Example 5: Find $\nabla\cdot\left(\frac{\boldsymbol r}{r^2}\right)$ where $\boldsymbol r(x,y,z)=x\boldsymbol i+y\boldsymbol j+z\boldsymbol k$, $r=\sqrt{x^2+y^2+z^2}$.
In this case, why can we not bring the scalar function $r^{-2}$ outside the dot product?
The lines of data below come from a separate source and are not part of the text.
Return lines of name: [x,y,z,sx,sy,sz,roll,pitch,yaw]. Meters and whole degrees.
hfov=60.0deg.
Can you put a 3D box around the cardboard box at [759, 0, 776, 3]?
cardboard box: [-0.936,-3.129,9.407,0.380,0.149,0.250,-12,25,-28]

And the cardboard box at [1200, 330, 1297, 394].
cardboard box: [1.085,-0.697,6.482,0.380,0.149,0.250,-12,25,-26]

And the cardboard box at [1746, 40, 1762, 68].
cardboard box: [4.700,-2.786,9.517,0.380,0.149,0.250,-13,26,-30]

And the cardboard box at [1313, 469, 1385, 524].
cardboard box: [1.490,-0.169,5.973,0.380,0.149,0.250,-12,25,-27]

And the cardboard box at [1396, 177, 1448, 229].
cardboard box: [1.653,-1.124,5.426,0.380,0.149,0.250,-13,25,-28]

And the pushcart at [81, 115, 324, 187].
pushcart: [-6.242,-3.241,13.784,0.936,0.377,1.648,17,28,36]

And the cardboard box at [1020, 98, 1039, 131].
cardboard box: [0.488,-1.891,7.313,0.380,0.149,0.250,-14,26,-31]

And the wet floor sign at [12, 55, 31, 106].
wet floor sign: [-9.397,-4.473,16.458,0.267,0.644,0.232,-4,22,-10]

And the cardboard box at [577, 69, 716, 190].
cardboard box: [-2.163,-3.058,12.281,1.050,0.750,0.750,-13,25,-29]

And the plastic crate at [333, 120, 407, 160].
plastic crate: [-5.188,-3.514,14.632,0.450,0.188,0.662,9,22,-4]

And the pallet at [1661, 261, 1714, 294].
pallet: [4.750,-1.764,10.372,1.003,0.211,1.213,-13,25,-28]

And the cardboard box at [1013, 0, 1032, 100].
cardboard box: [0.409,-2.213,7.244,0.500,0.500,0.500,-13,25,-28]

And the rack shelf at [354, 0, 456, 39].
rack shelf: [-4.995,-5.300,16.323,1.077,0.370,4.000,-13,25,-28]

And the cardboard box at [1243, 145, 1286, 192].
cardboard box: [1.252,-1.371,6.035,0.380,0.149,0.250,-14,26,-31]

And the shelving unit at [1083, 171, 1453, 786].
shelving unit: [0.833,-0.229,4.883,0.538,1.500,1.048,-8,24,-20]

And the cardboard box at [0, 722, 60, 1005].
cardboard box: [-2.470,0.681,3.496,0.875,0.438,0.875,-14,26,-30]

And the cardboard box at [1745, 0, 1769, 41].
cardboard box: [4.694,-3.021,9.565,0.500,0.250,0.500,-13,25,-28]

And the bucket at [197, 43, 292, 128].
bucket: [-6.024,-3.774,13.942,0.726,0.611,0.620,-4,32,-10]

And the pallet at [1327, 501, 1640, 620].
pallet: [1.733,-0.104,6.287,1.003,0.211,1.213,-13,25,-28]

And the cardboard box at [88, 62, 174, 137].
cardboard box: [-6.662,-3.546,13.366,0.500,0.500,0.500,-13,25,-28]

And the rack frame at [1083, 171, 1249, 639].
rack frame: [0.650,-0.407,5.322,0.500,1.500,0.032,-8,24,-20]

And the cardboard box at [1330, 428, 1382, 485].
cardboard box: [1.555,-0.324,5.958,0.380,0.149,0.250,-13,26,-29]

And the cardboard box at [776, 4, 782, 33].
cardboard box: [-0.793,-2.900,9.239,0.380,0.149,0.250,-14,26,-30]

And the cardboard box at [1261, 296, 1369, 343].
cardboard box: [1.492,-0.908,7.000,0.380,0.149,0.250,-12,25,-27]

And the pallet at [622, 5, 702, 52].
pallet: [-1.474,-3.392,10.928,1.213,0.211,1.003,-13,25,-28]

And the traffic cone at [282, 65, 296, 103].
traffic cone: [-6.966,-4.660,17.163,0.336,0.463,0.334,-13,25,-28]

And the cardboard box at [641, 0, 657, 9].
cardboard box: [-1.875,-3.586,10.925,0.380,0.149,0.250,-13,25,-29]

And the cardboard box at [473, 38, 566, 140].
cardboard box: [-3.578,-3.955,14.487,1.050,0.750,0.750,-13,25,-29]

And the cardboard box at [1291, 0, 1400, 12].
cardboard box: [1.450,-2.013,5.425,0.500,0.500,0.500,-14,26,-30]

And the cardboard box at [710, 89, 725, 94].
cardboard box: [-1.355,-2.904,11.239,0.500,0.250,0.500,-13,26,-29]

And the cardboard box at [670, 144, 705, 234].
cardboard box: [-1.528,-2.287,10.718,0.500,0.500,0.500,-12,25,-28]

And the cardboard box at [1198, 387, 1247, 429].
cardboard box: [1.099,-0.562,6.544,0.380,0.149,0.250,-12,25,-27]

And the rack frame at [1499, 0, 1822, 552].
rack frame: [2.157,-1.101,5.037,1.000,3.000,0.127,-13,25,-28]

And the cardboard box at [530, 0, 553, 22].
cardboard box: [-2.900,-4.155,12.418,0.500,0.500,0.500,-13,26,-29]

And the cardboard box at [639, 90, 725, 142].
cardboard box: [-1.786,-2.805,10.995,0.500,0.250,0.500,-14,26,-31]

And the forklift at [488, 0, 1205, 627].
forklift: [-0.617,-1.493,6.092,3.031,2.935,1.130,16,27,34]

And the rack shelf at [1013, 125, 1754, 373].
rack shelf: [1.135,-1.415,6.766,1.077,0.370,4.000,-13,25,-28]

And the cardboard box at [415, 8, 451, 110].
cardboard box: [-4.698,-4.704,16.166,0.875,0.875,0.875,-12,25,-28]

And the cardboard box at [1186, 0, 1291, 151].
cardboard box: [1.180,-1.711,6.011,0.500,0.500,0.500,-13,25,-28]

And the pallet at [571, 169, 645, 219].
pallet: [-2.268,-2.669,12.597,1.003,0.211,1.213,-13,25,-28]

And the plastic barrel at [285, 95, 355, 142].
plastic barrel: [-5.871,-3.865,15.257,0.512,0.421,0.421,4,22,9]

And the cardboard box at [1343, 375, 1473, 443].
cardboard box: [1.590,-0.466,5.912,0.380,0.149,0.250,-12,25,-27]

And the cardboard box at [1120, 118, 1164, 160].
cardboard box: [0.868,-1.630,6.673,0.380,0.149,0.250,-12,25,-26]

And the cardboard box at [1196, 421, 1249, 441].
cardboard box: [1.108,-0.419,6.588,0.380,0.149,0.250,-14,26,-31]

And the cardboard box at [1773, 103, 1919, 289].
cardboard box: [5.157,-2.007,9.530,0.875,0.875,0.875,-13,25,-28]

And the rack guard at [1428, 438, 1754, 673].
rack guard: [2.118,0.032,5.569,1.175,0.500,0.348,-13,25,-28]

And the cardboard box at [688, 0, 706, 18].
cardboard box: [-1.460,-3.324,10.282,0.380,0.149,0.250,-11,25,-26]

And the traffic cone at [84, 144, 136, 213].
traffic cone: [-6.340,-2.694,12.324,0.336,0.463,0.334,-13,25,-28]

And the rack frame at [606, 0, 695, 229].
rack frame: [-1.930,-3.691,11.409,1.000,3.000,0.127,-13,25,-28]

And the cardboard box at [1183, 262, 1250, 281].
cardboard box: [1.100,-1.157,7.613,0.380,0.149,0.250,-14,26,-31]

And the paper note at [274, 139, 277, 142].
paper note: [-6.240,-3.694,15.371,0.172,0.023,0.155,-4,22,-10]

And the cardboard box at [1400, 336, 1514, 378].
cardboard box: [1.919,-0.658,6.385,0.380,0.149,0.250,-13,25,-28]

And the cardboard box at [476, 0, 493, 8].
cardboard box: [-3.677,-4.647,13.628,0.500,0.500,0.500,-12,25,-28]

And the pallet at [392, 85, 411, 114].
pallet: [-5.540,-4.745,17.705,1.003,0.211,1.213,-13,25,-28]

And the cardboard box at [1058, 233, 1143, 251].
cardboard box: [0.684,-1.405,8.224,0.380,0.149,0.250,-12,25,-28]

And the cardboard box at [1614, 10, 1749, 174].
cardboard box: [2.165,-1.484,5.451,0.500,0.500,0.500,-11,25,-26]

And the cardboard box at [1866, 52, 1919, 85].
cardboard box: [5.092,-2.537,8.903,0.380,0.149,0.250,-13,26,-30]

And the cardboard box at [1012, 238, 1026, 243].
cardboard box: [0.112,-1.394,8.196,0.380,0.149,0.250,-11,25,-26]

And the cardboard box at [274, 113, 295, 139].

When I leave the function in place, I calculate a result of $\frac{1}{r^{2}}$. When I pull it out, I find $\frac{3}{r^{2}}$.
On
$$\nabla \cdot \left( \frac{\vec{r}}{r^2} \right) = \nabla \cdot \left( \frac{x}{x^2+y^2+z^2}\vec{i} + \frac{y}{x^2+y^2+z^2}\vec{j} + \frac{z}{x^2+y^2+z^2}\vec{k} \right) \\ = \frac{y^2+z^2-x^2}{(x^2+y^2+z^2)^2} + \frac{x^2+z^2-y^2}{(x^2+y^2+z^2)^2} + \frac{x^2+y^2-z^2}{(x^2+y^2+z^2)^2} = \frac{x^2+y^2+z^2}{(x^2+y^2+z^2)^2} \\ = \frac{1}{x^2+y^2+z^2} = \frac{1}{r^2}.$$
It's not just a dot product, it's a divergence operator, and the variables $x,y,z$ appear in $r^{-2}$, it's not a constant.
However, you may use the product rule:
$$\nabla \cdot(\psi \boldsymbol F)=\psi \nabla\cdot \boldsymbol F+\nabla\psi\cdot \boldsymbol F$$
And with $\psi=r^{-2}$, it's not difficult to prove that
$$\nabla\psi=-\frac{2}{r^4}\boldsymbol r$$